I knew they were service dogs for people with wheelchairs or epilepsie and so on. While researching I discovered mobility service dogs. Those dogs wear a special harness where one can find stability. You can even use this to stand up from seats and to help with taking stairs. Here you can see such a service dog who helps a young girl walk:
In this video you can see how a mobility service dog helps in various situations:
I’m really curious if this would work for me, because it would give me much freedom back. Because of my paralysed leg and that it has happened often that I couldn’t get off a seat in public transportation, and need help to enter and leave train, bus, tram, I only leave my home with my mum. Which is, of course, a not so nice feeling. It makes me feel dependent. Like when it’s a nice day, I’m feeling good and would like to take the bus to a park or shopping centre, I always have to ask if she has time to come with me. Or when I need to spontanously buy food. I can’t go alone because I don’t trust my legs no more.

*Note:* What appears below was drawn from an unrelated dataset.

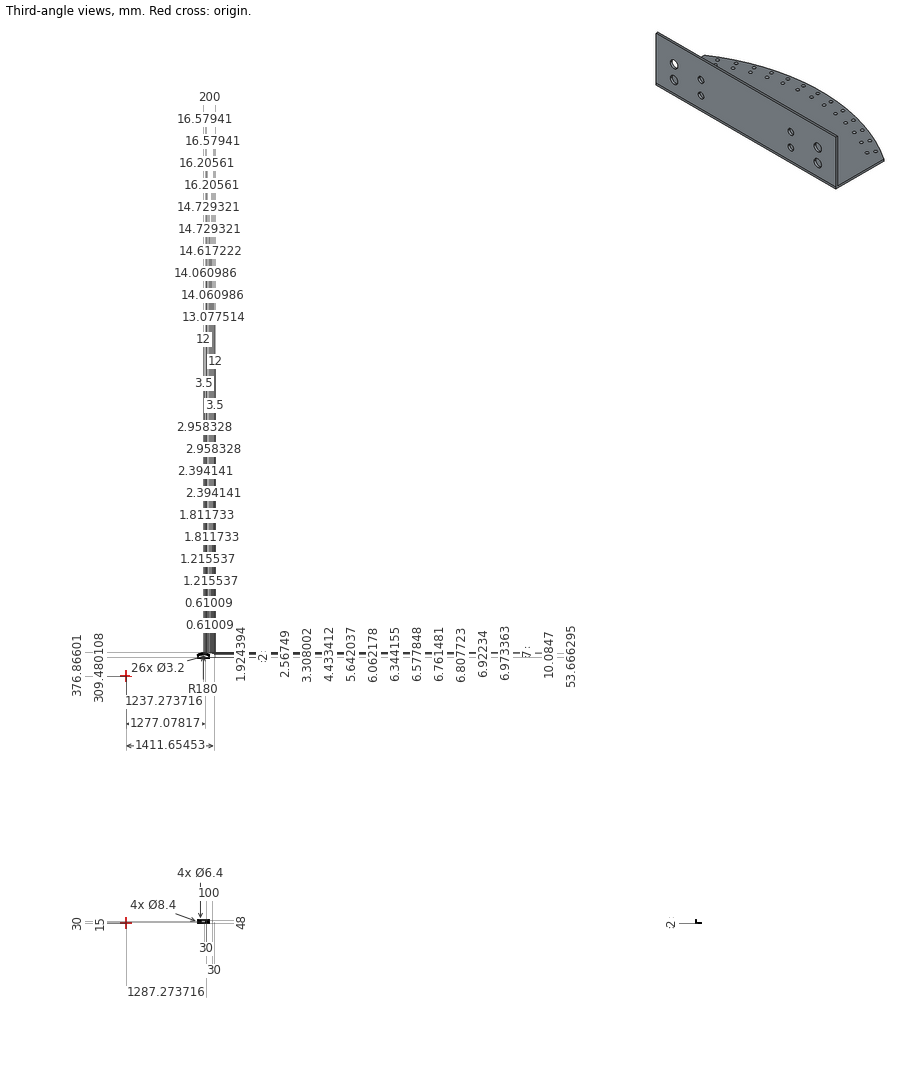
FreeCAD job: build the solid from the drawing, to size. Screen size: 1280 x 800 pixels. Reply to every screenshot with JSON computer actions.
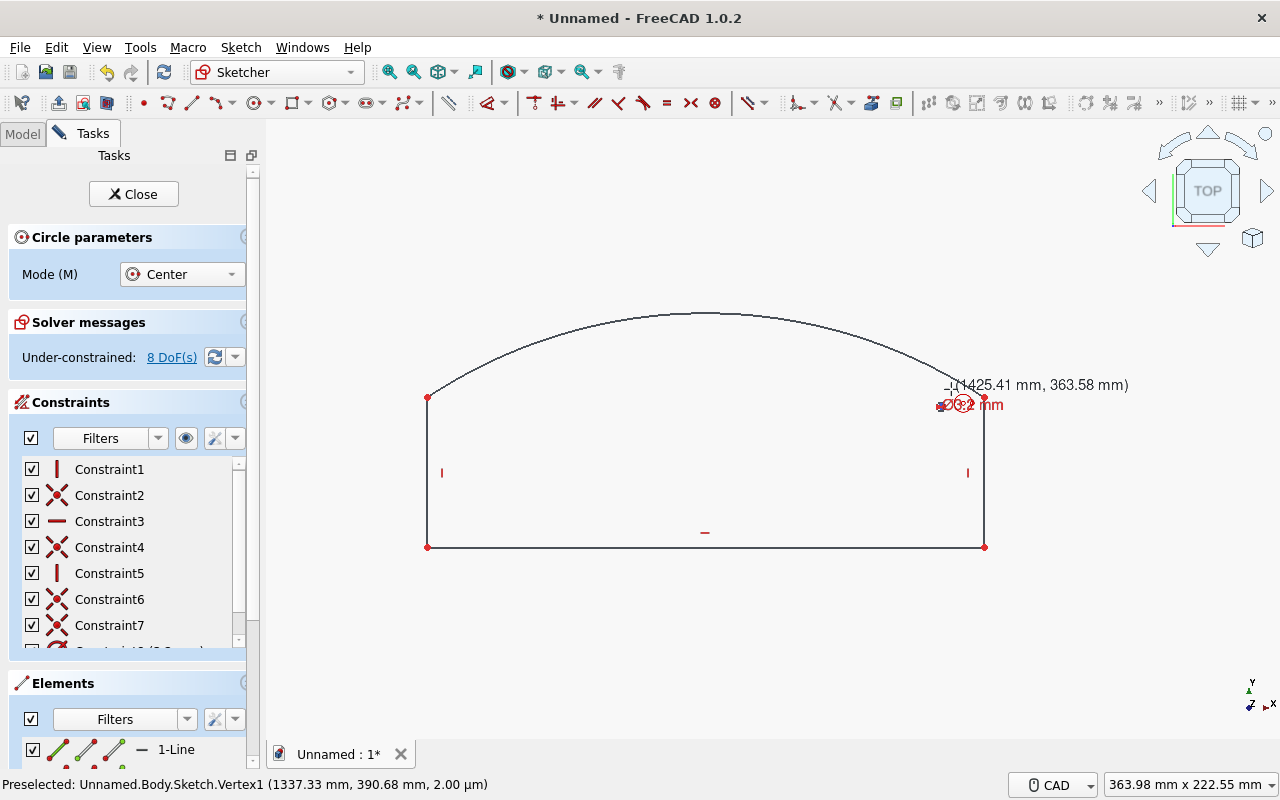
{"action": "scroll", "coordinate": [951, 389], "scroll_direction": "up", "scroll_amount": 2}

With a mobility service dog and the special harness it might be possible to do these things alone again. That would be awesome! I would be more idependent, gain self-worth and self-confidence.
I emailed a school for service dogs and am waiting now for a consultation appointment to see if I fit the requirements for a service dog. Unfortunately the training to become a service dog is very expensive and I have to see how to get money. The school says on their homepage that they help with finding sponsors and assist with crowdfunding and so on. I hope it will be possible so it doesn’t stay a dream.